- **Assigned task**
Within the records that follow, find every line containing the string "Give". Copy those lines.

───── Task material ─────

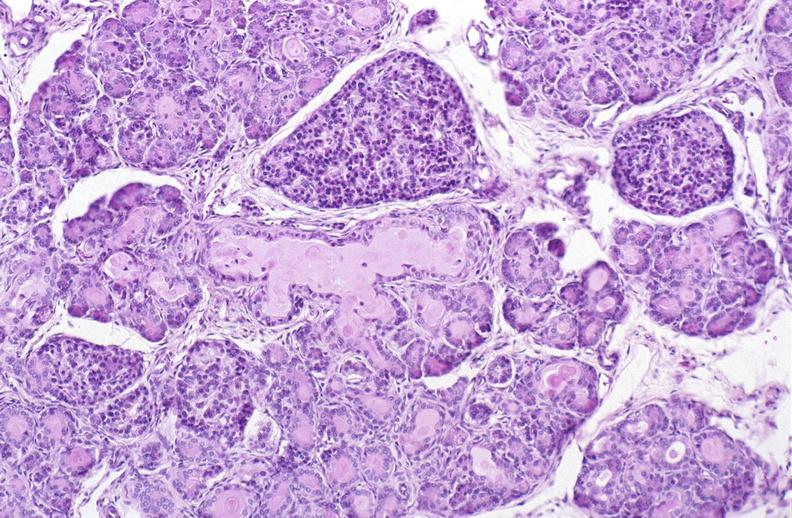s myomas present?
Answer the question using a single word or phrase. No 
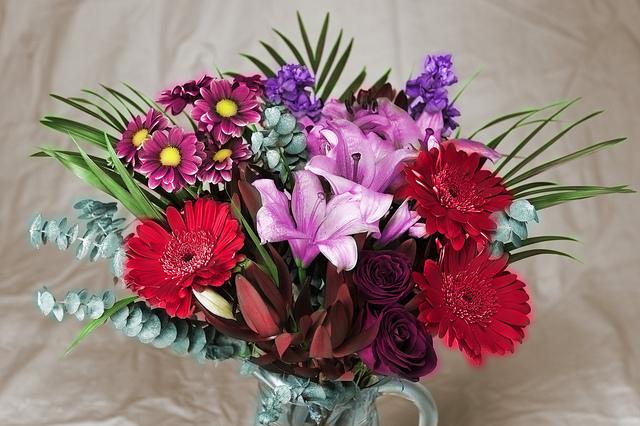Are these flowers artificial?
Give a very brief answer. No. How many different flowers are in the vase?
Give a very brief answer. 5. Does the vase have a handle?
Concise answer only. Yes.

─────

- **Solution for this task**
Give a very brief answer. No. How many different flowers are in the vase?
Give a very brief answer. 5. Does the vase have a handle?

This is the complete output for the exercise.